= William French (educator) =

British educator (1786–1849)

William French, D.D. (1786–1849) was master of Jesus College, Cambridge.

==Life==
French was the son of a rich yeoman at Eye, Suffolk. He was sent to Ipswich Grammar School, where the Rev. Mr. Howarth was head-master, and he afterwards entered Caius College, Cambridge. After a successful college career he came out in 1811 as second wrangler, the senior being Thomas Edward Dicey of Trinity, the two being bracketed equal as Smith's prizemen. Soon after French was elected fellow and tutor of Pembroke College, and in 1814 took his M.A. degree. He was only thirty-four years old in 1820 when he was appointed master of Jesus College by Bowyer Sparke, bishop of Ely, in whose family he had been private tutor.

In the following year he was made D.D. by royal mandate, and served the office of vice-chancellor, a position which he filled again in 1834, when he also acted as one of the syndics appointed to superintend the building of the Fitzwilliam Museum. He was presented by the lord chancellor to the living of Moor Monkton, Yorkshire, in 1827, and became a canon of Ely in 1832. He discharged his various functions with urbanity and integrity. His mathematical attainments were of the highest order, and to classical scholarship he added a considerable acquaintance with oriental languages. He took a distinguished part in the translations made by himself and Mr. George Skinner of the Psalms and Proverbs.
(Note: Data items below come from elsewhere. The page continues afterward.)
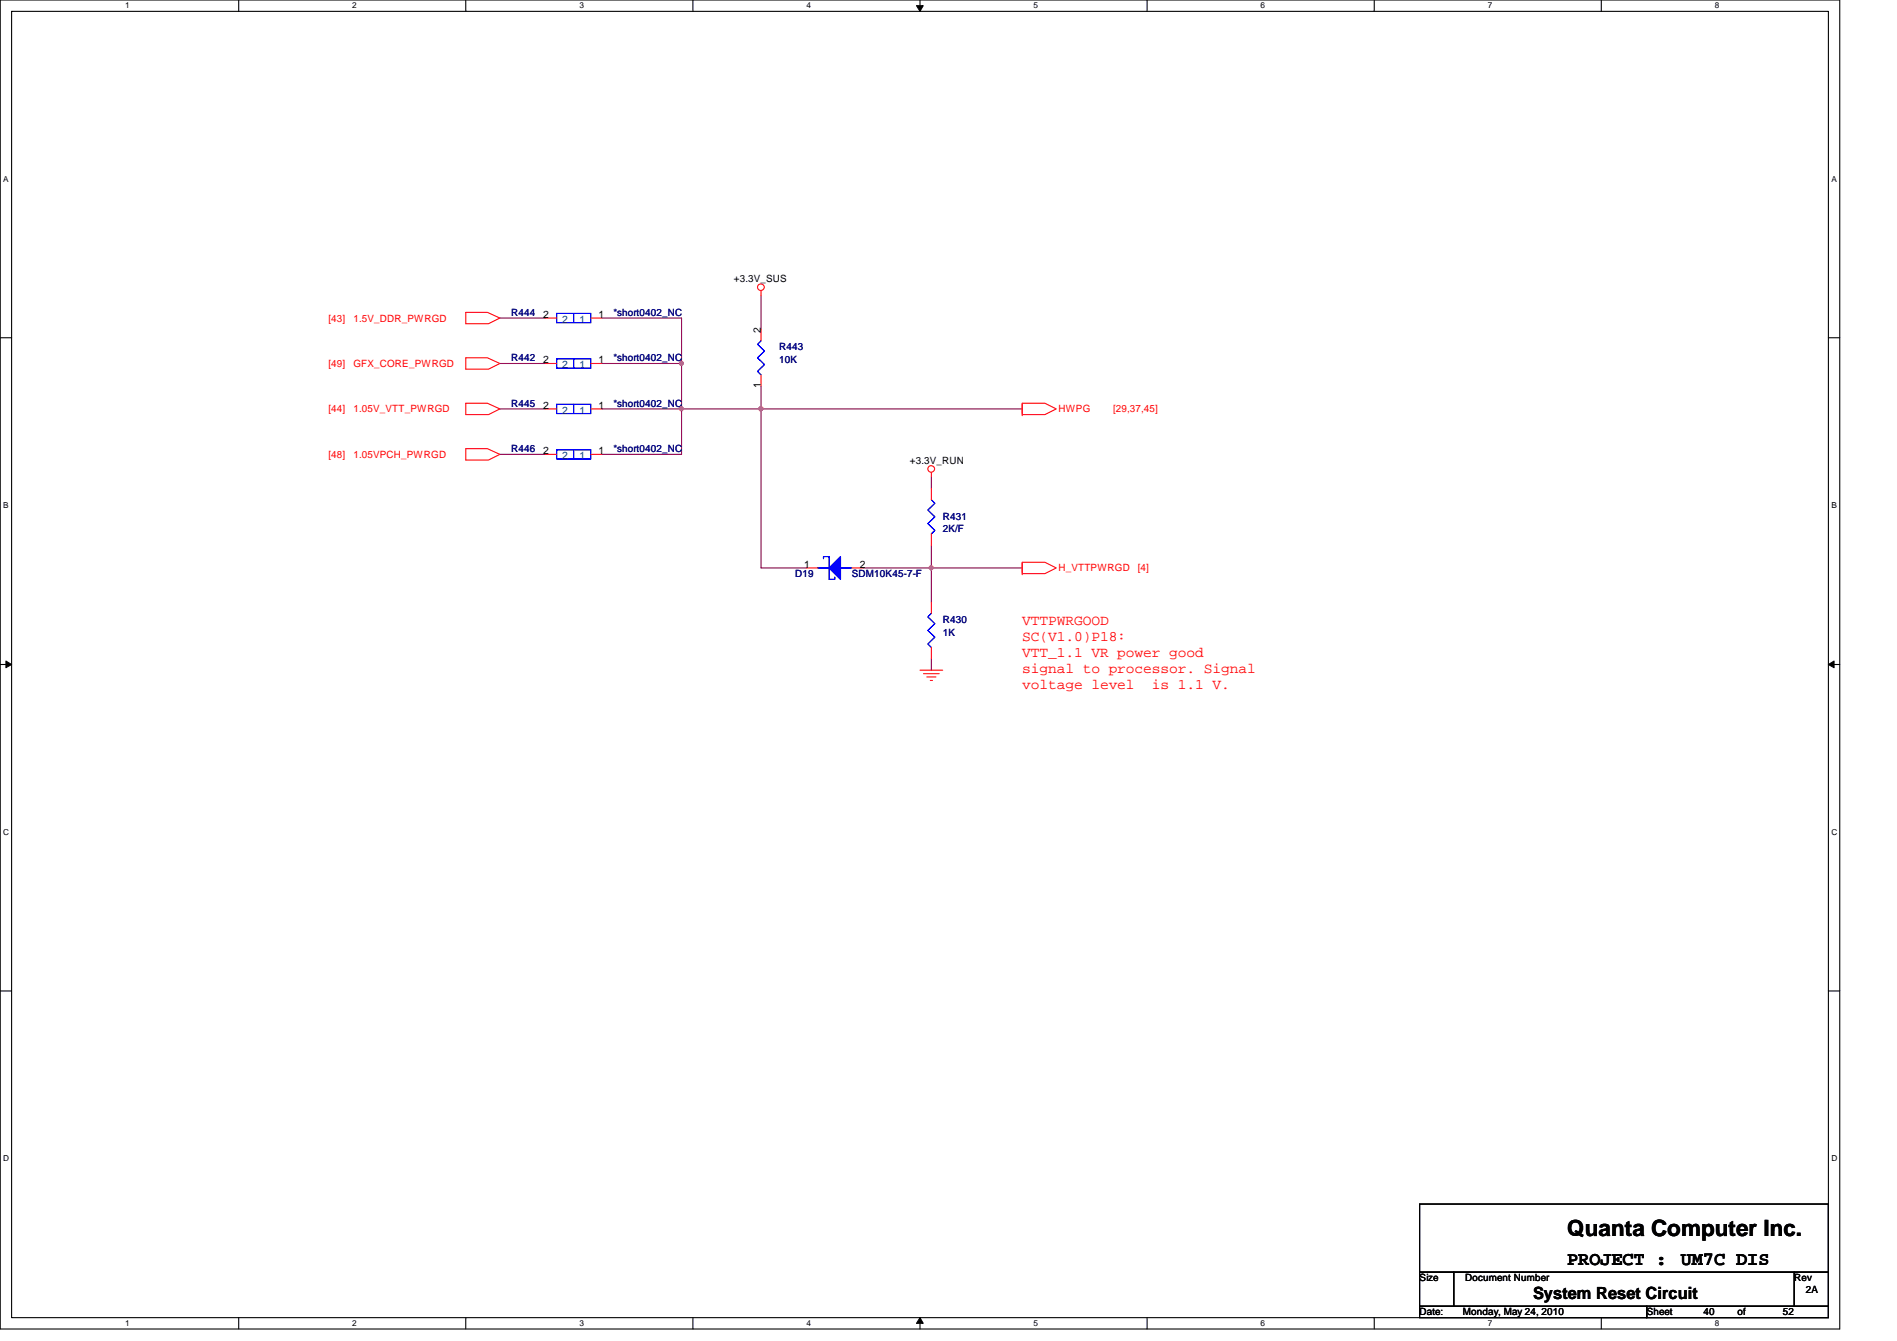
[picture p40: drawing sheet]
<svg xmlns="http://www.w3.org/2000/svg" width="297mm" height="210mm" viewBox="0 0 297 210" stroke-linecap="round" stroke-linejoin="round" font-family="sans-serif">
<defs><g id="words">
<text font-size="3.5" x="245.4" y="193.5">Quanta Computer Inc.</text>
<g font-size="3">
<text x="245.4" y="198.1">PROJECT :</text>
<text x="263.2" y="198.1">UM7C DIS</text>
</g>
<text font-size="2.6" x="240.1" y="203.3">System Reset Circuit</text>
<g font-size="2.3" fill="#f00">
<text x="160.1" y="97.9">VTTPWRGOOD</text>
<text x="160.1" y="100.4">SC(V1.0)P18:</text>
<text x="160.1" y="102.9">VTT_1.1 VR power good</text>
<text x="160.1" y="105.4">signal to processor. Signal</text>
<text x="160.1" y="107.9">voltage level</text>
<text x="180.4" y="107.9">is 1.1 V.</text>
</g>
<g font-size="1.6">
<text x="114.9" y="44.1">+3.3V_SUS</text>
<text x="85" y="49.7">2</text>
<text x="93.7" y="49.7">1</text>
<text x="119.1" y="52.1" transform="rotate(-90 119.1 52.1)">2</text>
<text x="85" y="56.9">2</text>
<text x="93.7" y="56.9">1</text>
<text x="85" y="64">2</text>
<text x="93.7" y="64">1</text>
<text x="119.1" y="60.8" transform="rotate(-90 119.1 60.8)">1</text>
<text x="85" y="71.1">2</text>
<text x="93.7" y="71.1">1</text>
<text x="142.4" y="72.6">+3.3V_RUN</text>
<text x="125.9" y="88.9">1</text>
<text x="134.6" y="88.9">2</text>
<text x="222.3" y="200.6">Size</text>
<text x="229.4" y="200.6">Document Number</text>
<text x="281" y="200.6">Rev</text>
<text x="282.7" y="202.4">2A</text>
<text x="222.3" y="205.9">Date:</text>
<text x="229.1" y="205.9">Monday, May 24, 2010</text>
<text x="257.8" y="205.9">Sheet</text>
<text x="266.7" y="205.9">40</text>
<text x="272.1" y="205.9">of</text>
<text x="279.2" y="205.9">52</text>
</g>
<g font-size="1.6" fill="#f00">
<text x="51.4" y="50.3">[43]</text>
<text x="55.3" y="50.3">1.5V_DDR_PWRGD</text>
<text x="51.4" y="57.4">[49]</text>
<text x="55.3" y="57.4">GFX_CORE_PWRGD</text>
<text x="51.4" y="64.6">[44]</text>
<text x="55.3" y="64.6">1.05V_VTT_PWRGD</text>
<text x="165.7" y="64.6">HWPG</text>
<text x="174.3" y="64.6">[29,37,45]</text>
<text x="51.4" y="71.7">[48]</text>
<text x="55.3" y="71.7">1.05VPCH_PWRGD</text>
<text x="165.7" y="89.5">H_VTTPWRGD</text>
<text x="178.2" y="89.5">[4]</text>
</g>
<g font-size="1.6" fill="#000080">
<text x="80" y="49.4">R444</text>
<text x="96.1" y="49.4">*short0402_NC</text>
<text x="80" y="56.6">R442</text>
<text x="96.1" y="56.6">*short0402_NC</text>
<text x="122" y="54.8">R443</text>
<text x="122" y="56.9">10K</text>
<text x="80" y="63.7">R445</text>
<text x="96.1" y="63.7">*short0402_NC</text>
<text x="80" y="70.8">R446</text>
<text x="96.1" y="70.8">*short0402_NC</text>
<text x="147.6" y="81.4">R431</text>
<text x="147.6" y="83.2">2K/F</text>
<text x="124.5" y="90.3">D19</text>
<text x="133.4" y="90.3">SDM10K45-7-F</text>
<text x="147.6" y="97.5">R430</text>
<text x="147.6" y="99.6">1K</text>
</g>
<g font-size="1.6" fill="#004080">
<text x="88.1" y="50.5">2</text>
<text x="90.7" y="50.5">1</text>
<text x="88.1" y="57.6">2</text>
<text x="90.7" y="57.6">1</text>
<text x="88.1" y="64.7">2</text>
<text x="90.7" y="64.7">1</text>
<text x="88.1" y="71.8">2</text>
<text x="90.7" y="71.8">1</text>
</g>
<g font-size="1.3">
<text x="19.6" y="1.3">1</text>
<text x="55.2" y="1.3">2</text>
<text x="90.7" y="1.3">3</text>
<text x="126.3" y="1.3">4</text>
<text x="161.8" y="1.3">5</text>
<text x="197.4" y="1.3">6</text>
<text x="233" y="1.3">7</text>
<text x="268.5" y="1.3">8</text>
<text x=".5" y="28.4">A</text>
<text x="286.8" y="28.4">A</text>
<text x=".5" y="79.5">B</text>
<text x="286.8" y="79.5">B</text>
<text x=".5" y="130.7">C</text>
<text x="286.8" y="130.7">C</text>
<text x=".5" y="181.8">D</text>
<text x="286.8" y="181.8">D</text>
<text x="19.6" y="207.6">1</text>
<text x="55.2" y="207.6">2</text>
<text x="90.7" y="207.6">3</text>
<text x="126.3" y="207.6">4</text>
<text x="161.8" y="207.6">5</text>
<text x="197.4" y="207.6">6</text>
<text x="233" y="207.6">7</text>
<text x="268.5" y="207.6">8</text>
</g>
</g></defs>
<path d="M0 0h288.1v208h-288.1zM1.8 1.8h284.5v204.4h-284.5z" fill="none" stroke="#000" stroke-width=".17"/>
<g fill="#fff">
<path d="M19.6 .2h.7v1.4h-.7z"/>
<path d="M19.6 206.4h.7v1.4h-.7z"/>
</g>
<path d="M37.4 0v1.8M37.4 206.2v1.8" fill="none" stroke="#000" stroke-width=".17"/>
<g fill="#fff">
<path d="M55.2 .2h.6v1.4h-.6z"/>
<path d="M55.2 206.4h.6v1.4h-.6z"/>
</g>
<path d="M72.9 0v1.8M72.9 206.2v1.8" fill="none" stroke="#000" stroke-width=".17"/>
<g fill="#fff">
<path d="M90.7 .2h.7v1.4h-.7z"/>
<path d="M90.7 206.4h.7v1.4h-.7z"/>
</g>
<path d="M108.5 0v1.8M108.5 206.2v1.8" fill="none" stroke="#000" stroke-width=".17"/>
<g fill="#fff">
<path d="M126.3 .2h.7v1.4h-.7z"/>
<path d="M126.3 206.4h.7v1.4h-.7z"/>
</g>
<path d="M144.1 0v1.8M144.1 206.2v1.8" fill="none" stroke="#000" stroke-width=".17"/>
<path d="M143.5 .9h1.1l-.5 .9zM144.1 206.2l.5 .9h-1.1z" fill="#000"/>
<path d="M143.5 .9h1.1l-.5 .9zM144.1 206.2l.5 .9h-1.1z" fill="none" stroke="#000" stroke-width=".16"/>
<g fill="#fff">
<path d="M161.8 .2h.7v1.4h-.7z"/>
<path d="M161.8 206.4h.7v1.4h-.7z"/>
</g>
<path d="M179.6 0v1.8M179.6 206.2v1.8" fill="none" stroke="#000" stroke-width=".17"/>
<g fill="#fff">
<path d="M197.4 .2h.7v1.4h-.7z"/>
<path d="M197.4 206.4h.7v1.4h-.7z"/>
</g>
<path d="M215.2 0v1.8M215.2 206.2v1.8" fill="none" stroke="#000" stroke-width=".17"/>
<g fill="#fff">
<path d="M233 .2h.6v1.4h-.6z"/>
<path d="M233 206.4h.6v1.4h-.6z"/>
</g>
<path d="M250.7 0v1.8M250.7 206.2v1.8" fill="none" stroke="#000" stroke-width=".17"/>
<g fill="#fff">
<path d="M268.5 .2h.7v1.4h-.7z"/>
<path d="M268.5 206.4h.7v1.4h-.7z"/>
<path d="M.5 27.3h.8v1.4h-.8z"/>
<path d="M286.8 27.3h.8v1.4h-.8z"/>
<path d="M.5 78.4h.8v1.4h-.8z"/>
<path d="M286.8 78.4h.8v1.4h-.8z"/>
</g>
<path d="M0 52.9h1.8M286.3 52.9h1.8" fill="none" stroke="#000" stroke-width=".17"/>
<g fill="#fff">
<path d="M.5 129.5h.9v1.4h-.9z"/>
<path d="M286.8 129.5h.9v1.4h-.9z"/>
</g>
<path d="M0 104h1.8M286.3 104h1.8" fill="none" stroke="#000" stroke-width=".17"/>
<path d="M.9 103.5l.9 .5-.9 .5zM286.3 104l.9-.5v1z" fill="#000"/>
<path d="M.9 103.5l.9 .5-.9 .5zM286.3 104l.9-.5v1z" fill="none" stroke="#000" stroke-width=".16"/>
<g fill="#fff">
<path d="M.5 180.6h.9v1.4h-.9z"/>
<path d="M286.8 180.6h.9v1.4h-.9z"/>
</g>
<path d="M0 155.1h1.8M286.3 155.1h1.8" fill="none" stroke="#000" stroke-width=".17"/>
<path d="M119.2 46.2v5.4M106.7 64h53.4" fill="none" stroke="#800040" stroke-width=".17"/>
<circle cx="119.1" cy="64" r=".32" fill="#f0f"/>
<circle cx="119.1" cy="64" r=".32" fill="none" stroke="#f0f" stroke-width=".17"/>
<circle cx="106.7" cy="64" r=".32" fill="#f0f"/>
<circle cx="106.7" cy="64" r=".32" fill="none" stroke="#f0f" stroke-width=".17"/>
<path d="M78.3 49.8h7.1M94.3 49.8h12.4M94.3 56.9h12.4" fill="none" stroke="#800040" stroke-width=".17"/>
<circle cx="106.7" cy="56.9" r=".32" fill="#f0f"/>
<circle cx="106.7" cy="56.9" r=".32" fill="none" stroke="#f0f" stroke-width=".17"/>
<path d="M78.3 56.9h7.1M106.7 49.8v14.2M119.2 64v24.9" fill="none" stroke="#800040" stroke-width=".17"/>
<circle cx="119.1" cy="64" r=".32" fill="#f0f"/>
<circle cx="119.1" cy="64" r=".32" fill="none" stroke="#f0f" stroke-width=".17"/>
<path d="M119.2 88.9h7.1M160.1 88.9h-14.3v5.3M145.8 103.1v1.8" fill="none" stroke="#800040" stroke-width=".17"/>
<circle cx="145.8" cy="88.9" r=".32" fill="#f0f"/>
<circle cx="145.8" cy="88.9" r=".32" fill="none" stroke="#f0f" stroke-width=".17"/>
<path d="M78.3 71.1h7.1M78.3 64h7.1M94.3 64h12.4v7.1h-12.4M119.2 60.5v3.5M145.8 74.7v1.8M145.8 85.3v3.6h-10.6" fill="none" stroke="#800040" stroke-width=".17"/>
<g fill="none" stroke="#f00" stroke-width=".17">
<path d="M72.9 48.9h3.4l2 .9-1.8 .9h-3.6zM72.9 56h3.4l2 .9-1.8 .9h-3.6zM85.4 56.9h1.8M85.4 49.8h1.8M92.5 56.9h1.8M92.5 49.8h1.8M119.2 45.5v.7M72.9 63.1h3.4l2 .9-1.8 .9h-3.6zM72.9 70.2h3.4l2 .9-1.8 .9h-3.6zM85.4 71.1h1.8M92.5 71.1h1.8M145.8 74v.7"/>
<path d="M160.1 63.3v1.8M160.1 64.7v-1.6h3.5l1.8 .9-1.8 .9h-3.5M160.1 88.2v1.8M160.1 89.6v-1.6h3.5l1.8 .9-1.8 .9h-3.5M144.1 104.9h3.5M144.6 105.5h2.5M145.1 106h1.5M145.7 106.5h.3"/>
<circle cx="119.1" cy="45" r=".52"/>
<circle cx="145.8" cy="73.4" r=".52"/>
</g>
<path d="M222.3 188.5h64v10.6h-64zM222.3 199.1h5.3v5.4h-5.3zM227.6 199.1h53.4v5.4h-53.4zM281 199.1h5.3v5.4h-5.3zM222.3 204.5h35.5v1.7h-35.5zM257.8 204.5h28.5v1.7h-28.5z" fill="none" stroke="#000" stroke-width=".17"/>
<path d="M87.2 56.2h5.3v1.4h-5.3zM87.2 49.1h5.3v1.4h-5.3zM89.8 56.2v1.4M89.8 49.1v1.4M87.2 70.4h5.3v1.4h-5.3zM89.8 70.4v1.4" fill="none" stroke="#00f" stroke-width=".17"/>
<path d="M131.6 87.1v3.6l-1.8-1.8z" fill="#00f"/>
<path d="M128.1 88.9h1.7M128.9 87.5v-.4h.9v3.6h.9v-.4M131.6 87.1v3.6l-1.8-1.8zM131.6 88.9h1.8" fill="none" stroke="#00f" stroke-width=".17"/>
<path d="M131.6 87.1v3.6l-1.8-1.8z" fill="#00f"/>
<path d="M119.2 53.3l-.6 .6 1.1 1-1.1 1.1 1.1 1.1-1.1 1 .6 .6M87.2 63.3h5.3v1.4h-5.3zM89.8 63.3v1.4M145.8 78.2l.6 .6-1.1 1 1.1 1.1-1.1 1.1 1.1 1-.6 .6M128.1 88.9h1.7M128.9 87.5v-.4h.9v3.6h.9v-.4M131.6 87.1v3.6l-1.8-1.8zM131.6 88.9h1.8M145.8 96l-.5 .6 1.1 1-1.1 1.1 1.1 1-1.1 1.1 .5 .5" fill="none" stroke="#00f" stroke-width=".17"/>
<path d="M119.2 51.6v1.7M119.2 58.7v1.8M85.4 64h1.8M92.5 64h1.8M145.8 76.5v1.7M126.3 88.9h1.8M133.4 88.9h1.8M145.8 83.6v1.7M145.8 94.2v1.8M145.8 101.3v1.8" fill="none" stroke="#f00" stroke-width=".17"/>
<circle cx="119.1" cy="64" r=".32" fill="#f0f"/>
<circle cx="119.1" cy="64" r=".32" fill="none" stroke="#f0f" stroke-width=".17"/>
<circle cx="106.7" cy="64" r=".32" fill="#f0f"/>
<circle cx="106.7" cy="64" r=".32" fill="none" stroke="#f0f" stroke-width=".17"/>
<circle cx="106.7" cy="56.9" r=".32" fill="#f0f"/>
<circle cx="106.7" cy="56.9" r=".32" fill="none" stroke="#f0f" stroke-width=".17"/>
<circle cx="119.1" cy="64" r=".32" fill="#f0f"/>
<circle cx="119.1" cy="64" r=".32" fill="none" stroke="#f0f" stroke-width=".17"/>
<circle cx="145.8" cy="88.9" r=".32" fill="#f0f"/>
<circle cx="145.8" cy="88.9" r=".32" fill="none" stroke="#f0f" stroke-width=".17"/>
<use href="#words"/>
</svg>

He managed the affairs of his college so as greatly to improve its finances, and his name is connected with the remarkable restoration of Jesus College Chapel, begun under his direction by his gift of coloured glass for the eastern triplet.

He died at Jesus Lodge, Cambridge, on 12 Nov. 1849, in his sixty-third year, and was buried at Brockdish in Norfolk four days later.

==Works==
- A new Translation of the Book of Psalms from the original Hebrew, with Explanatory Notes by W. French, D.D., and George Skinner, M.A.; a new edition, with corrections and additions, 8vo, London, 1842. ‘A judicious and excellent work for review’ (see British Critic, ix. 404).
- A new Translation of the Proverbs of Solomon from the original Hebrew, with Explanatory Notes by W. French, D.D., and George Skinner, M.A., 8vo, London, 1831.